However, the included studies do not evaluate relative speed of onset using the two routes, which for many drugs is known to be more rapid after parenteral than enteral administration. For opioids, eight included trials compared oral controlled-release morphine with oral immediate-release morphine solution and none found differences with respect to reduced pain intensity or increased pain relief. These studies enrolled a total of 344 patients with a wide range of cancer types and pain types, of which 271 were evaluated (79 percent). The majority of these trials were double-blind but their results still may not be reliable because of high dropout rates (10 to 40 percent). Because these eight studies addressed the same question using roughly comparable methods, we were able to perform a meta-analysis using average pain intensity (during 4 to 14 days of treatment) as the outcome of interest.

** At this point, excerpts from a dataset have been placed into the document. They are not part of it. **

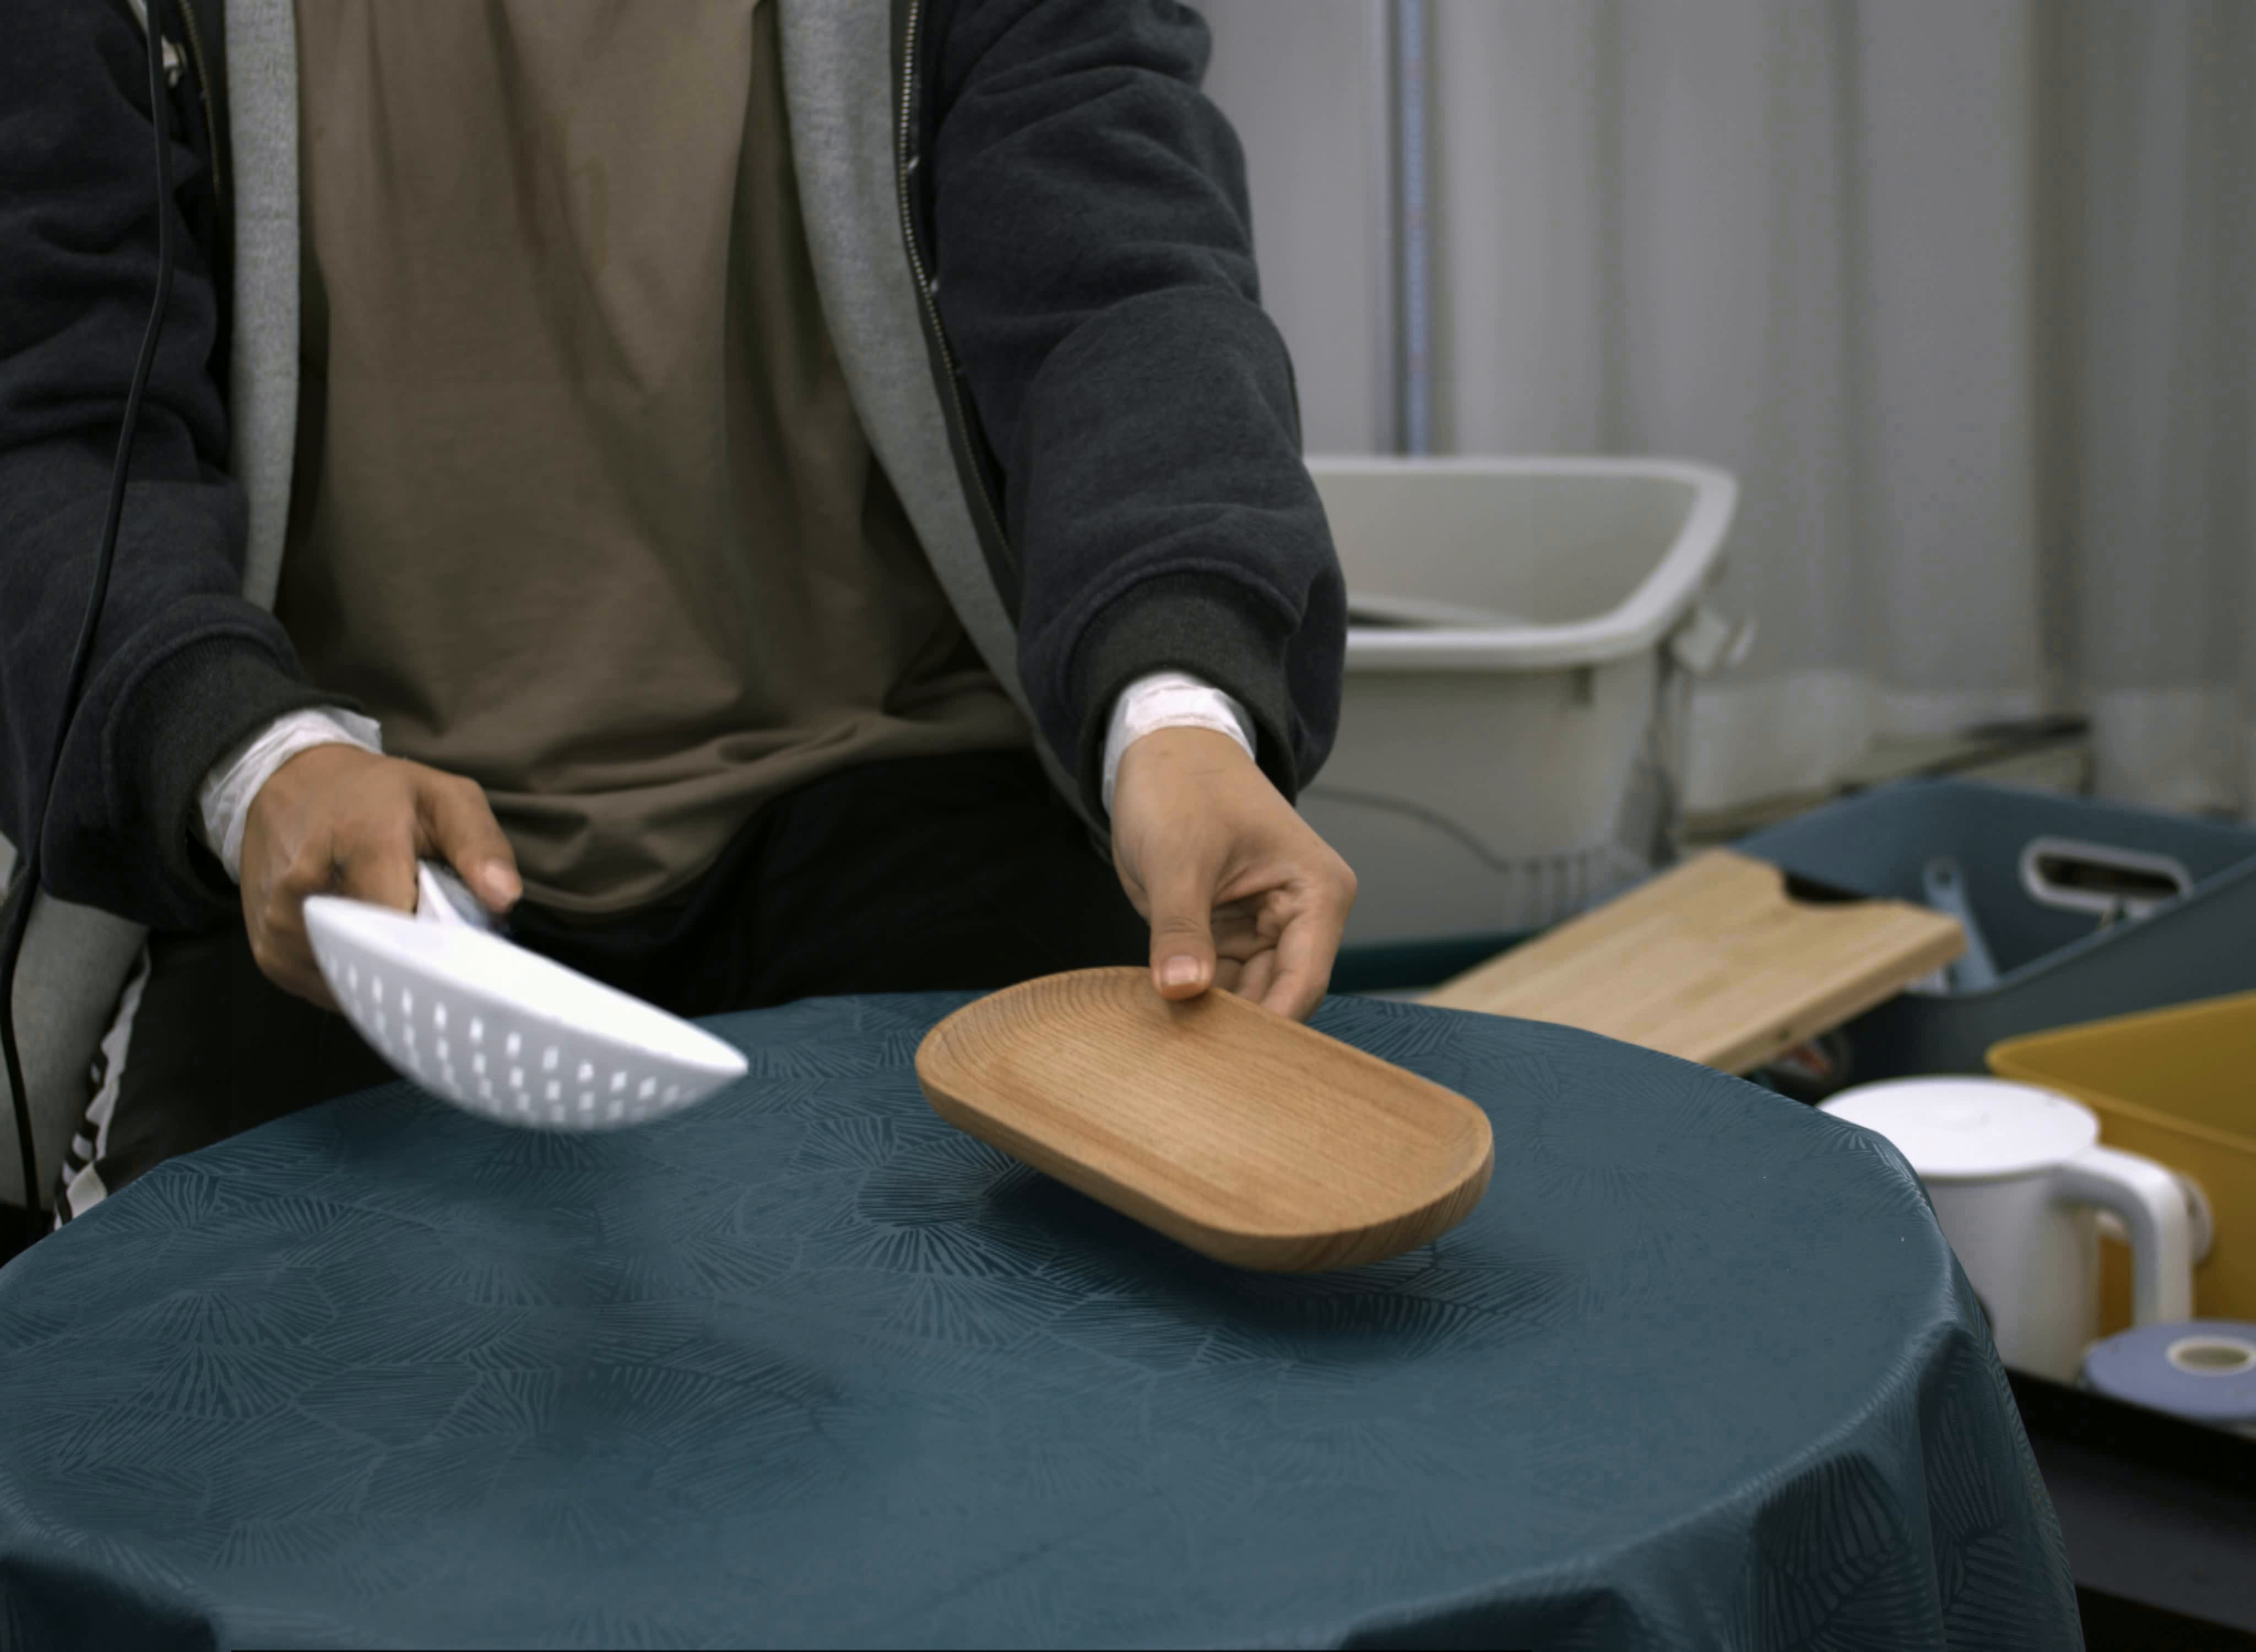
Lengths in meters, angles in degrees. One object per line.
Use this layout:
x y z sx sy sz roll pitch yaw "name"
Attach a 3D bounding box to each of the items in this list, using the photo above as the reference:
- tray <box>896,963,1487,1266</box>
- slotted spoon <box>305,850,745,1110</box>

No difference in pain relief was found between controlled-release morphine and immediate-release morphine solution. The decrease in dose frequency accomplished by controlled-release formulations (transdermal, oral, or rectal) is an implicit advantage of these dosage forms.
Four studies addressed comparative efficacy and adverse effects of oral versus rectal administration of morphine. The generalizability of the results is limited by the small numbers of subjects in each study. Three of these four studies found no difference in efficacy and the fourth observed small but significant differences in onset of pain relief and duration of analgesia, both in favor of the rectal route. No differences with respect to adverse effects were observed between the two routes in three studies, but in the fourth, patients receiving rectal morphine had lower nausea scores. Two of these four studies compared oral and rectal administration of the same formulation (controlled-release morphine tablets) and provided combinable data on pain scores. A meta-analysis of between-treatment differences in average pain intensity throughout each study's duration (4 to 14 days) showed that pain intensity did not differ between the two study arms. One study compared controlled-release rectal suppositories with subcutaneous morphine and reported no differences in overall pain scores, sedation or nausea, or rescue analgesic intake.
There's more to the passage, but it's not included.